Why It’s Okay to Say You Own Your Own Plane
04.28.11 · Ashley Bowen Cook
Whether you own a business aircraft, sell it, build it, maintain it or fly it – you needn’t be apologetic. Corporate aircraft fuel the economy. According to GAMA, they contribute $150 billion annually in the States alone.
Biz jets play a significant, not-to-be-discounted role for heads of state and globe-trotting CEOs who need face-to-face interaction to create partnerships, broker deals and repair relationships. Think of them less like yachts of the air and more like boardrooms with a view.
C-suite types can make a good business case for using corporate aircraft. Take a CEO’s salary and bonus plan, divide those by the hours worked in a year – and you have that individual’s hourly cost or worth to the company.

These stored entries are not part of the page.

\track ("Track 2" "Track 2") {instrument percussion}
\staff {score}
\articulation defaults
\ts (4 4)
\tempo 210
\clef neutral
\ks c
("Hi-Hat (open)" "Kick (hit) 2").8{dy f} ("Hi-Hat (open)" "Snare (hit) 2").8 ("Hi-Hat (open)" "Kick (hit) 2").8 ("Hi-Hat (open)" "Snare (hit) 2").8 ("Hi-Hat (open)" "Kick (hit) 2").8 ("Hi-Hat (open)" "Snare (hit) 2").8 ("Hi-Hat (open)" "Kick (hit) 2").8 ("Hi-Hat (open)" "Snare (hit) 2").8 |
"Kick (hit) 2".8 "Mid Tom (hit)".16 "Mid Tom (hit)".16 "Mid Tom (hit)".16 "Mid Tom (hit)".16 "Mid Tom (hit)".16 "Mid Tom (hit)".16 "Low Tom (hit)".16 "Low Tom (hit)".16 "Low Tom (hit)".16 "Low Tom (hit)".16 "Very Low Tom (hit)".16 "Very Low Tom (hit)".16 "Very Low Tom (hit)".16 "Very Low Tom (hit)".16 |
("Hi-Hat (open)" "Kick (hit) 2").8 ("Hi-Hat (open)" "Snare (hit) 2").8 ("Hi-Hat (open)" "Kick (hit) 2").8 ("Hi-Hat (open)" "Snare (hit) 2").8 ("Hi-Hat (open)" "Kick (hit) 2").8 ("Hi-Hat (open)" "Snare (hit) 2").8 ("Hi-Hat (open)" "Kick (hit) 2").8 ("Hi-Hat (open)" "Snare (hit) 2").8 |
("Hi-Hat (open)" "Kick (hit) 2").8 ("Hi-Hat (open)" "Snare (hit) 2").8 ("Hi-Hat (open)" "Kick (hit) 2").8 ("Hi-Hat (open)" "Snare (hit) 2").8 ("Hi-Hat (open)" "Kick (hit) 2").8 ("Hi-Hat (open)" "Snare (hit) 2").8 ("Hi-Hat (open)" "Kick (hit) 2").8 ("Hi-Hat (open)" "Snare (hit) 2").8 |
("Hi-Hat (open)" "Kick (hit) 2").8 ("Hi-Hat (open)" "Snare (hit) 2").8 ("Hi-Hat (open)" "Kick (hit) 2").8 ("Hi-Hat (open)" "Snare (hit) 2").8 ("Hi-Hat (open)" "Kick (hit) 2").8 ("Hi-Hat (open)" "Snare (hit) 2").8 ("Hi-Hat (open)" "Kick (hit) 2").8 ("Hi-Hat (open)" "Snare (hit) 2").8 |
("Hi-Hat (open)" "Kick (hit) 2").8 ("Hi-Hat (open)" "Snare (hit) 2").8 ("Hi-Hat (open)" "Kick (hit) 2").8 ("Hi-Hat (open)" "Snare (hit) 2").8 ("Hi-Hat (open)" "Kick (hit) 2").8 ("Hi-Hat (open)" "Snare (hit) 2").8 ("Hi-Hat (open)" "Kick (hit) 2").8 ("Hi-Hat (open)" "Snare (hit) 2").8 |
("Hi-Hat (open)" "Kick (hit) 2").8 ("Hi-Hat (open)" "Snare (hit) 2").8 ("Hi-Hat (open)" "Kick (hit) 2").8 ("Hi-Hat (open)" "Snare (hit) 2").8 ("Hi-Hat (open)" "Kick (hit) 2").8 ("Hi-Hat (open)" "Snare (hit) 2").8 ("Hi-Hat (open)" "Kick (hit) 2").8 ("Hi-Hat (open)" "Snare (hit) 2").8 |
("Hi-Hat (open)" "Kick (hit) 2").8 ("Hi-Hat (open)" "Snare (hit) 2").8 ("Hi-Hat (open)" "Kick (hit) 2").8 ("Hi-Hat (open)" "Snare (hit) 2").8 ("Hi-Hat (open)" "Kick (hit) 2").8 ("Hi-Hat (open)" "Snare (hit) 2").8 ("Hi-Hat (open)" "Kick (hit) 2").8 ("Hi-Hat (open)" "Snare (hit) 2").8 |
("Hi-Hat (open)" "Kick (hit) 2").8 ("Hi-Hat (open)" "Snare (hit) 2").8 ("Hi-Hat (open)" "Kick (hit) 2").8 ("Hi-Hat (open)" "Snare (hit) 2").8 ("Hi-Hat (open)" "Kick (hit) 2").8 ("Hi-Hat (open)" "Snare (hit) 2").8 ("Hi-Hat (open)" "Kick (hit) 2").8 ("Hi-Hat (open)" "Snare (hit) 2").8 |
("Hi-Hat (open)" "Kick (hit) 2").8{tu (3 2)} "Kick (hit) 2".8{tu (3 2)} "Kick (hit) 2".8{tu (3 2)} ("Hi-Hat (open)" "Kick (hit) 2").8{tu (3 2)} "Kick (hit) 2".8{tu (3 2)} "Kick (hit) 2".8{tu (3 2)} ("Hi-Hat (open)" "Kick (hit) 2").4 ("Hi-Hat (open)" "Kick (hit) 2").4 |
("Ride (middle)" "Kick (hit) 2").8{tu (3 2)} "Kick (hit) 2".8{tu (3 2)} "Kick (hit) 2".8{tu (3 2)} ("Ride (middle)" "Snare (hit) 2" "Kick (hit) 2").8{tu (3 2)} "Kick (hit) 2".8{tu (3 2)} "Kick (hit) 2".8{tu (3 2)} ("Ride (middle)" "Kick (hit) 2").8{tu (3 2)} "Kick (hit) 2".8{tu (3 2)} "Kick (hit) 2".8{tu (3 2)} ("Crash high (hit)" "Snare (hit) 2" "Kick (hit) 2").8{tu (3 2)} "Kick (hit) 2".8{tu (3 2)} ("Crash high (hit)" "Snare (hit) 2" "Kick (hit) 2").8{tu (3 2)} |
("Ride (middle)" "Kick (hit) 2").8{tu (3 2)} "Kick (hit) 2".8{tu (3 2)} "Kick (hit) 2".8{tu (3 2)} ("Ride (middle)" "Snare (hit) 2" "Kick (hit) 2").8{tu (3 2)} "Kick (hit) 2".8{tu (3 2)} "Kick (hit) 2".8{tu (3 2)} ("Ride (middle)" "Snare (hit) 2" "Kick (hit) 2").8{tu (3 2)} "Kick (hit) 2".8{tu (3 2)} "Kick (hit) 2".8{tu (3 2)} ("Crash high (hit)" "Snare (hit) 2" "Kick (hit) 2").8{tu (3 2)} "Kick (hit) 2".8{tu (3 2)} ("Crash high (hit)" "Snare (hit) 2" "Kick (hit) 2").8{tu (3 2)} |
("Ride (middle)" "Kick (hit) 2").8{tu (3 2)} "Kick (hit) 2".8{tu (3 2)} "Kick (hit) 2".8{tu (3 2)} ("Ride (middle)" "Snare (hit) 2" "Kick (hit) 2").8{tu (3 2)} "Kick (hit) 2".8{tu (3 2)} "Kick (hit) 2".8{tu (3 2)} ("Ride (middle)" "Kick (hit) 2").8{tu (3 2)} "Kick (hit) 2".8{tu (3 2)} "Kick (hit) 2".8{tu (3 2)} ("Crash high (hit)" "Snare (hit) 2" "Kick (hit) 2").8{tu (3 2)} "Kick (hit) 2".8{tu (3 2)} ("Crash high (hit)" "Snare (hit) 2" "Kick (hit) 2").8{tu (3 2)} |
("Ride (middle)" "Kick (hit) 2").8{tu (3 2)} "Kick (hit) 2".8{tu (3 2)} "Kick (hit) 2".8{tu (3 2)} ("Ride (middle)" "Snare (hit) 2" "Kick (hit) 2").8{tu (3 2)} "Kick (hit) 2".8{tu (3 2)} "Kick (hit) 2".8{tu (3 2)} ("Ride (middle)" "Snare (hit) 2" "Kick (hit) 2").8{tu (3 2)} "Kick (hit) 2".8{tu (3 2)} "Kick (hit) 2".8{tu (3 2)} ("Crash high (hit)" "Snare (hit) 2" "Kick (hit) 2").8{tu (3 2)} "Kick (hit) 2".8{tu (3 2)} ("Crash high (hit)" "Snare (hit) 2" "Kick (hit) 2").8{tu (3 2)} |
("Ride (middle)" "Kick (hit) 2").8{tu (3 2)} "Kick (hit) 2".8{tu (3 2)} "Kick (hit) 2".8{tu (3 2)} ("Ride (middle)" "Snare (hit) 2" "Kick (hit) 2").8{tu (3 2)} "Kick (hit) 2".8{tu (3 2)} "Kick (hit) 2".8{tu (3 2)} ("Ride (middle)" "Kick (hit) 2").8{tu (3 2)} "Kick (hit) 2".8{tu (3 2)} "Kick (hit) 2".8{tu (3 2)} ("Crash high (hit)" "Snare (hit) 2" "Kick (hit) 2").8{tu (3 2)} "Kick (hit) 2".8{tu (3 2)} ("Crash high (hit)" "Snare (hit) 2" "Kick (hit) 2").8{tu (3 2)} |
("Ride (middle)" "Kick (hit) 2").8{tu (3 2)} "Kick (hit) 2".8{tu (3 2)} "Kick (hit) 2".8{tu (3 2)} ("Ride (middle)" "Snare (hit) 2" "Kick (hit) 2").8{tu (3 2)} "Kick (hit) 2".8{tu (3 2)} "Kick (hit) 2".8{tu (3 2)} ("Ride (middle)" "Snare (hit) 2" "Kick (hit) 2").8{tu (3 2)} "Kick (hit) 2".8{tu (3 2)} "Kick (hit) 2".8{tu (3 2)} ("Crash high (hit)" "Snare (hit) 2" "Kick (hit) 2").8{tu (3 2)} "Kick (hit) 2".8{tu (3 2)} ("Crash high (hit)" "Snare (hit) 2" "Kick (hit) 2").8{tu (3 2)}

You quickly see how minimizing the time spent in security lines, check-in and navigating multiple connections makes aircraft ownership the more value-oriented travel solution. Ownership increases productivity by providing an office in the air – enabling confidential conversations, phone calls and meetings. Ownership also provides tax benefits that benefit the company’s bottom line.
Forget Stereotypes
The next time you hear someone bashing private aviation, remember these valid justifications. Also, point out that C-suite types make up only a fraction of those who rely on business aircraft to do their job.
Just as small business dominates commerce in the States, so does small business’s use of corporate aircraft dwarf the big guys’. According to an NBAA-commissioned study, 74 percent of flights aren’t carrying C-suite executives. Rather they’re transporting sales, technical and middle-management team members out into the field to do, get this, real work. And, they’re flying them into one of the country’s 5,000 public-use airports – rather than being limited to the 500 that can accommodate commercial airliners. They provide an indispensable link to small and medium-sized communities without commercial service.
Workhorses of the Sky
Uses are as diverse as the aircraft. Rotorcraft taking materials to rigs at sea. Piston-powered prop planes surveying pipelines or mapping wetland losses. Helicopter and fixed-wing water bombers protecting woodlands and homes. Turboprops making short, economical multi-airport hops for engineers and urban planners. Ag planes not just treating millions of acres of cropland, but often also planting by air. Emergency aircraft improving survival rates by getting accident victims to help. Fast.
General aviation advances development and enables small teams to accomplish more. Workforces become not just more mobile, but more nimble. They advance development efforts and shrink our big world. From our base in the Air Capital, we know these truths. But we need to become better proselytizers. Spread the word. If you own your own aircraft, speak up. Proudly.